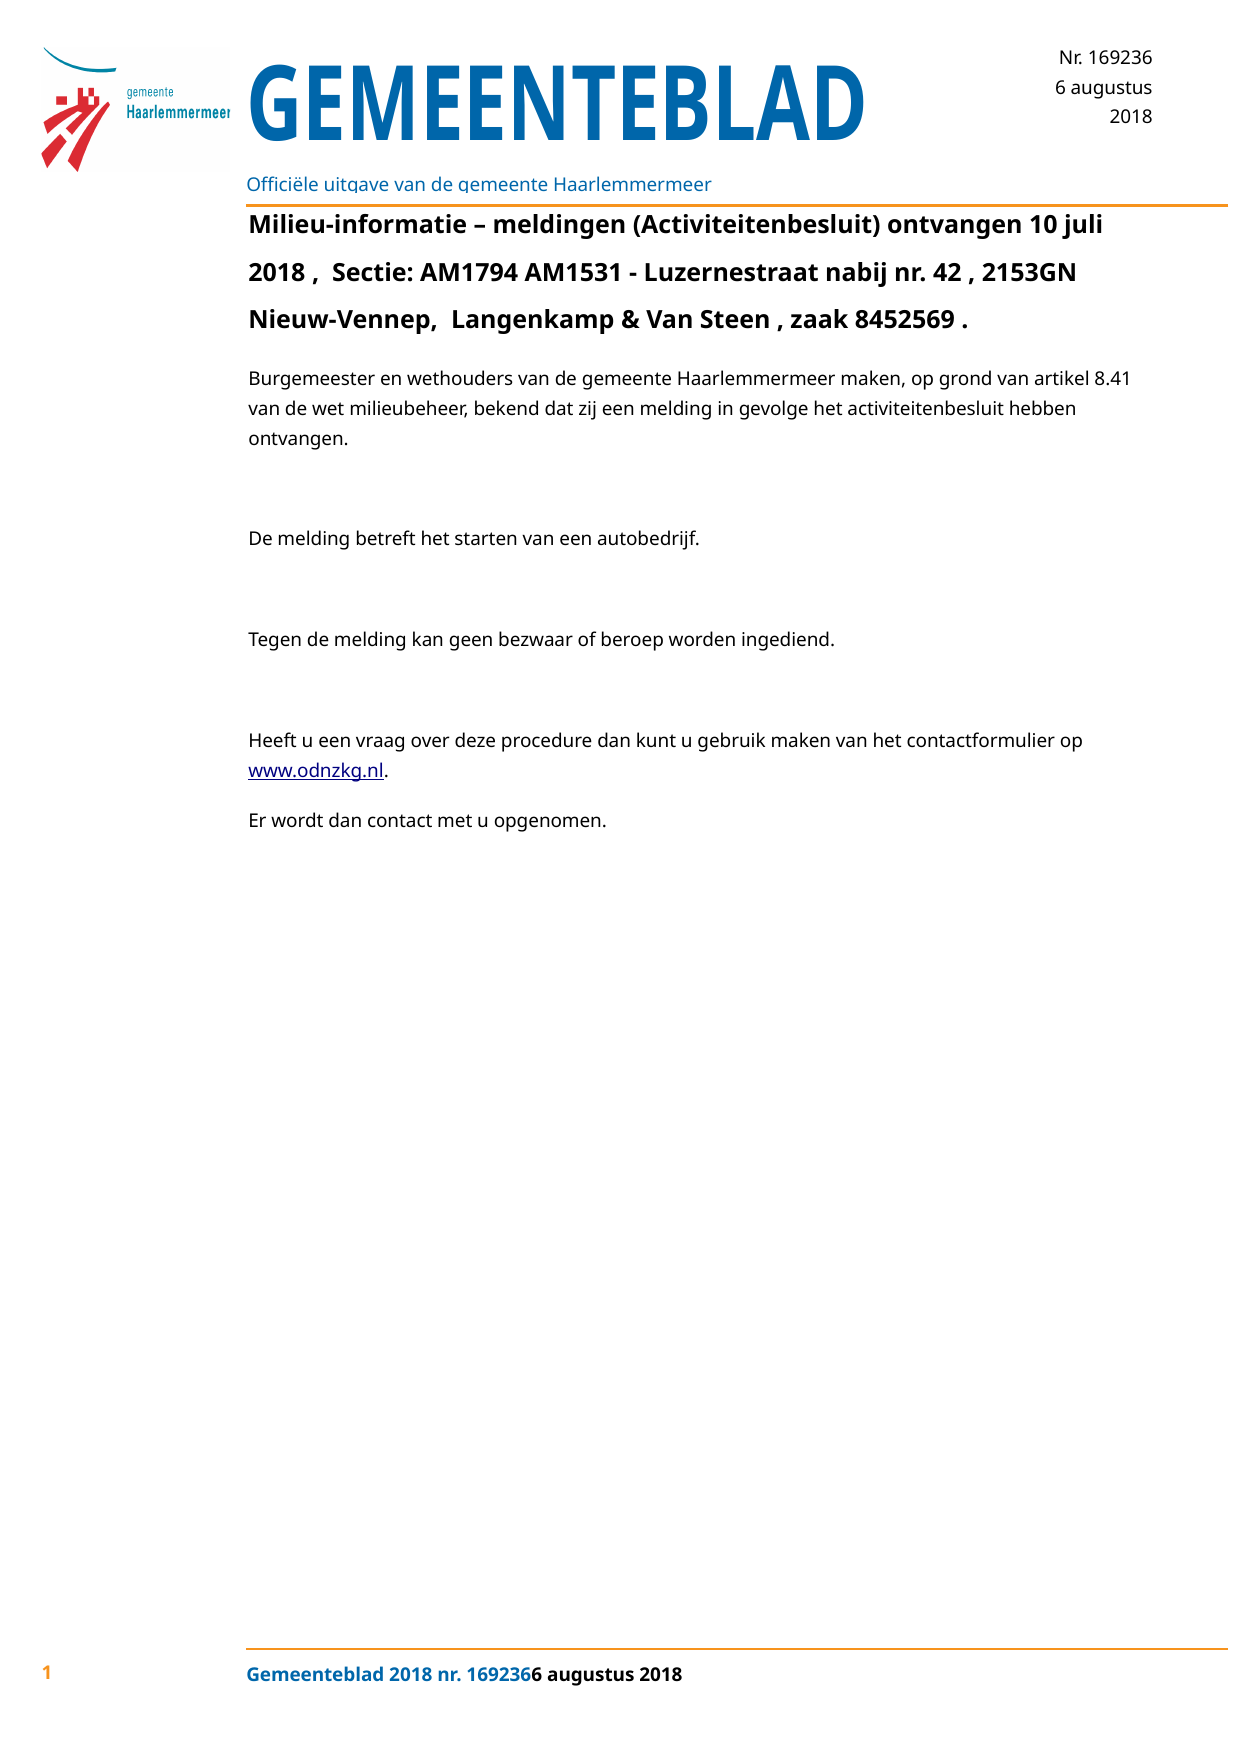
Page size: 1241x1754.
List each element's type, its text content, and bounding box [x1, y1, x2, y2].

text De melding betreft het starten van een autobedrijf. [248, 526, 1152, 551]
text Burgemeester en wethouders van de gemeente Haarlemmermeer maken, op grond van artikel 8.41 van de wet milieubeheer, bekend dat zij een melding in gevolge het activiteitenbesluit hebben ontvangen. [248, 366, 1152, 450]
text Heeft u een vraag over deze procedure dan kunt u gebruik maken van het contactformulier op www.odnzkg.nl. [248, 727, 1152, 782]
text Er wordt dan contact met u opgenomen. [248, 807, 1152, 833]
text Tegen de melding kan geen bezwaar of beroep worden ingediend. [248, 626, 1152, 652]
text Milieu-informatie – meldingen (Activiteitenbesluit) ontvangen 10 juli 2018 , Sectie: AM1794 AM1531 - Luzernestraat nabij nr. 42 , 2153GN Nieuw-Vennep, Langenkamp & Van Steen , zaak 8452569 . [248, 207, 1152, 336]
picture [41, 47, 231, 172]
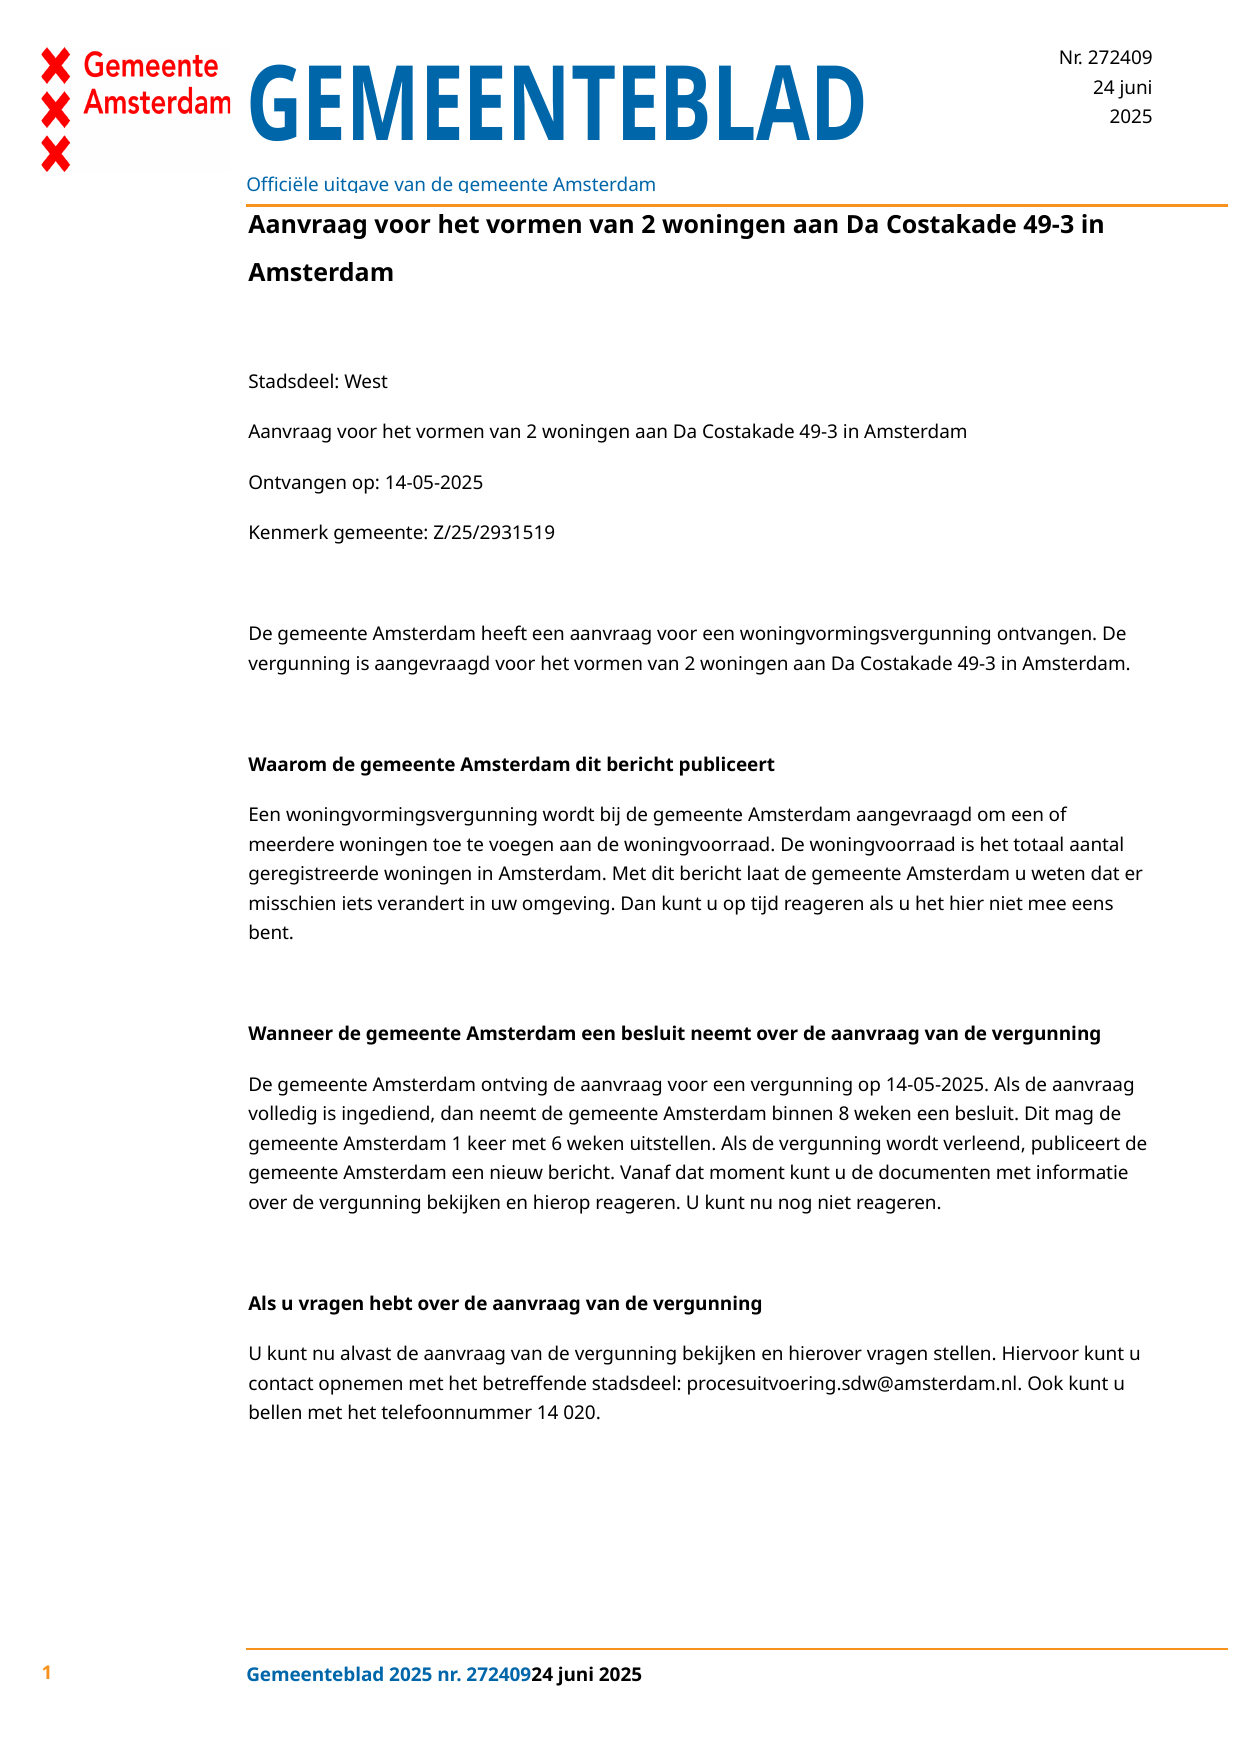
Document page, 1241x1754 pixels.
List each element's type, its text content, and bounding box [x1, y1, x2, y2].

text Wanneer de gemeente Amsterdam een besluit neemt over de aanvraag van de vergunning [248, 1020, 1152, 1046]
text Als u vragen hebt over de aanvraag van de vergunning [248, 1290, 1152, 1316]
text Stadsdeel: West [248, 368, 1152, 394]
text Een woningvormingsvergunning wordt bij de gemeente Amsterdam aangevraagd om een of meerdere woningen toe te voegen aan de woningvoorraad. De woningvoorraad is het totaal aantal geregistreerde woningen in Amsterdam. Met dit bericht laat de gemeente Amsterdam u weten dat er misschien iets verandert in uw omgeving. Dan kunt u op tijd reageren als u het hier niet mee eens bent. [248, 801, 1152, 945]
text Aanvraag voor het vormen van 2 woningen aan Da Costakade 49-3 in Amsterdam [248, 207, 1152, 288]
text U kunt nu alvast de aanvraag van de vergunning bekijken en hierover vragen stellen. Hiervoor kunt u contact opnemen met het betreffende stadsdeel: procesuitvoering.sdw@amsterdam.nl. Ook kunt u bellen met het telefoonnummer 14 020. [248, 1340, 1152, 1425]
text Waarom de gemeente Amsterdam dit bericht publiceert [248, 751, 1152, 777]
text Kenmerk gemeente: Z/25/2931519 [248, 519, 1152, 545]
text De gemeente Amsterdam heeft een aanvraag voor een woningvormingsvergunning ontvangen. De vergunning is aangevraagd voor het vormen van 2 woningen aan Da Costakade 49-3 in Amsterdam. [248, 620, 1152, 676]
text De gemeente Amsterdam ontving de aanvraag voor een vergunning op 14-05-2025. Als de aanvraag volledig is ingediend, dan neemt de gemeente Amsterdam binnen 8 weken een besluit. Dit mag de gemeente Amsterdam 1 keer met 6 weken uitstellen. Als de vergunning wordt verleend, publiceert de gemeente Amsterdam een nieuw bericht. Vanaf dat moment kunt u de documenten met informatie over de vergunning bekijken en hierop reageren. U kunt nu nog niet reageren. [248, 1071, 1152, 1215]
text Aanvraag voor het vormen van 2 woningen aan Da Costakade 49-3 in Amsterdam [248, 419, 1152, 444]
text Ontvangen op: 14-05-2025 [248, 469, 1152, 495]
picture [41, 47, 231, 172]
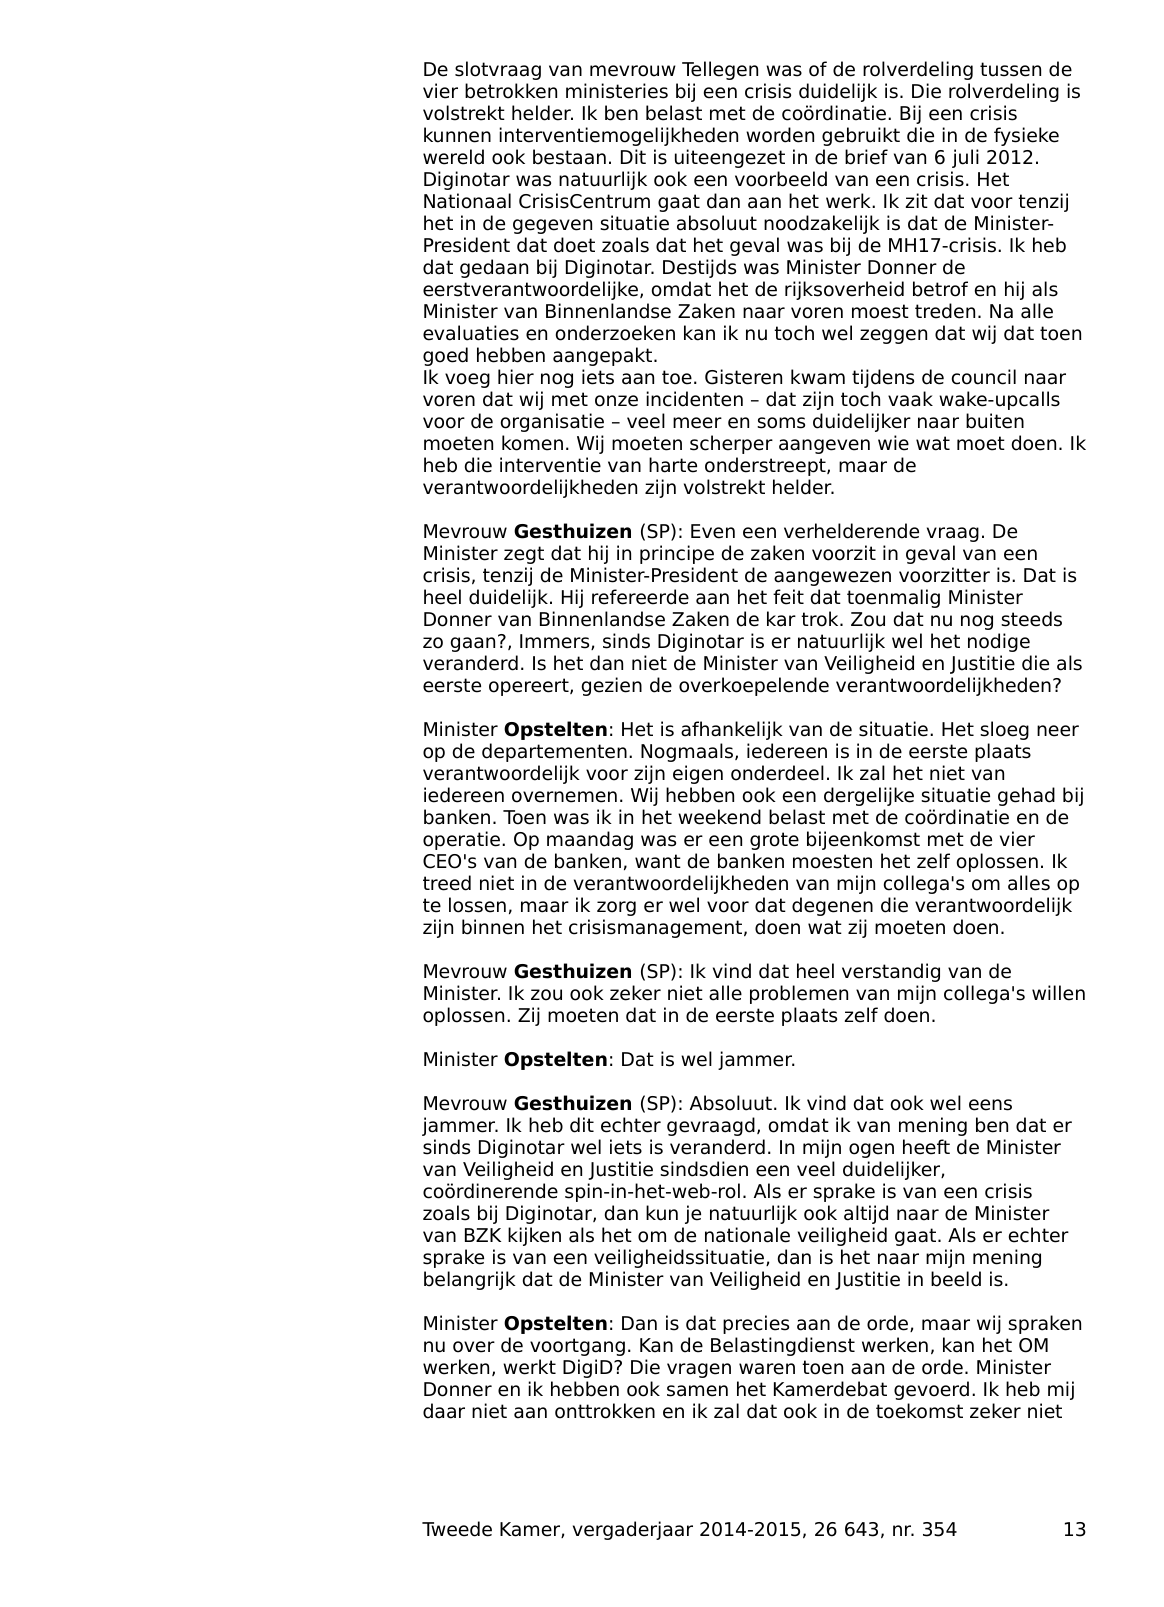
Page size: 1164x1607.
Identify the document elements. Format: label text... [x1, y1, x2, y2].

text Mevrouw Gesthuizen (SP): Even een verhelderende vraag. De Minister zegt dat hij in principe de zaken voorzit in geval van een crisis, tenzij de Minister-President de aangewezen voorzitter is. Dat is heel duidelijk. Hij refereerde aan het feit dat toenmalig Minister Donner van Binnenlandse Zaken de kar trok. Zou dat nu nog steeds zo gaan?, Immers, sinds Diginotar is er natuurlijk wel het nodige veranderd. Is het dan niet de Minister van Veiligheid en Justitie die als eerste opereert, gezien de overkoepelende verantwoordelijkheden? [422, 521, 1087, 697]
text Mevrouw Gesthuizen (SP): Absoluut. Ik vind dat ook wel eens jammer. Ik heb dit echter gevraagd, omdat ik van mening ben dat er sinds Diginotar wel iets is veranderd. In mijn ogen heeft de Minister van Veiligheid en Justitie sindsdien een veel duidelijker, coördinerende spin-in-het-web-rol. Als er sprake is van een crisis zoals bij Diginotar, dan kun je natuurlijk ook altijd naar de Minister van BZK kijken als het om de nationale veiligheid gaat. Als er echter sprake is van een veiligheidssituatie, dan is het naar mijn mening belangrijk dat de Minister van Veiligheid en Justitie in beeld is. [422, 1093, 1087, 1291]
text Minister Opstelten: Dan is dat precies aan de orde, maar wij spraken nu over de voortgang. Kan de Belastingdienst werken, kan het OM werken, werkt DigiD? Die vragen waren toen aan de orde. Minister Donner en ik hebben ook samen het Kamerdebat gevoerd. Ik heb mij daar niet aan onttrokken en ik zal dat ook in de toekomst zeker niet [422, 1313, 1087, 1423]
text De slotvraag van mevrouw Tellegen was of de rolverdeling tussen de vier betrokken ministeries bij een crisis duidelijk is. Die rolverdeling is volstrekt helder. Ik ben belast met de coördinatie. Bij een crisis kunnen interventiemogelijkheden worden gebruikt die in de fysieke wereld ook bestaan. Dit is uiteengezet in de brief van 6 juli 2012. Diginotar was natuurlijk ook een voorbeeld van een crisis. Het Nationaal CrisisCentrum gaat dan aan het werk. Ik zit dat voor tenzij het in de gegeven situatie absoluut noodzakelijk is dat de Minister-President dat doet zoals dat het geval was bij de MH17-crisis. Ik heb dat gedaan bij Diginotar. Destijds was Minister Donner de eerstverantwoordelijke, omdat het de rijksoverheid betrof en hij als Minister van Binnenlandse Zaken naar voren moest treden. Na alle evaluaties en onderzoeken kan ik nu toch wel zeggen dat wij dat toen goed hebben aangepakt. [422, 59, 1087, 367]
text Mevrouw Gesthuizen (SP): Ik vind dat heel verstandig van de Minister. Ik zou ook zeker niet alle problemen van mijn collega's willen oplossen. Zij moeten dat in de eerste plaats zelf doen. [422, 961, 1087, 1027]
text Minister Opstelten: Dat is wel jammer. [422, 1049, 1087, 1071]
text Minister Opstelten: Het is afhankelijk van de situatie. Het sloeg neer op de departementen. Nogmaals, iedereen is in de eerste plaats verantwoordelijk voor zijn eigen onderdeel. Ik zal het niet van iedereen overnemen. Wij hebben ook een dergelijke situatie gehad bij banken. Toen was ik in het weekend belast met de coördinatie en de operatie. Op maandag was er een grote bijeenkomst met de vier CEO's van de banken, want de banken moesten het zelf oplossen. Ik treed niet in de verantwoordelijkheden van mijn collega's om alles op te lossen, maar ik zorg er wel voor dat degenen die verantwoordelijk zijn binnen het crisismanagement, doen wat zij moeten doen. [422, 719, 1087, 939]
text Ik voeg hier nog iets aan toe. Gisteren kwam tijdens de council naar voren dat wij met onze incidenten – dat zijn toch vaak wake-upcalls voor de organisatie – veel meer en soms duidelijker naar buiten moeten komen. Wij moeten scherper aangeven wie wat moet doen. Ik heb die interventie van harte onderstreept, maar de verantwoordelijkheden zijn volstrekt helder. [422, 367, 1087, 499]

------------------------

- _Directions_
Write down exactly the span of lines above from the one containing "text Wanneer de" to the one containing "text Stadsdeel: West [248, 368, 1152, 394]", both ends included.

- _Exercise answer_
text Wanneer de gemeente Amsterdam een besluit neemt over de aanvraag van de vergunning [248, 1020, 1152, 1046]
text Als u vragen hebt over de aanvraag van de vergunning [248, 1290, 1152, 1316]
text Stadsdeel: West [248, 368, 1152, 394]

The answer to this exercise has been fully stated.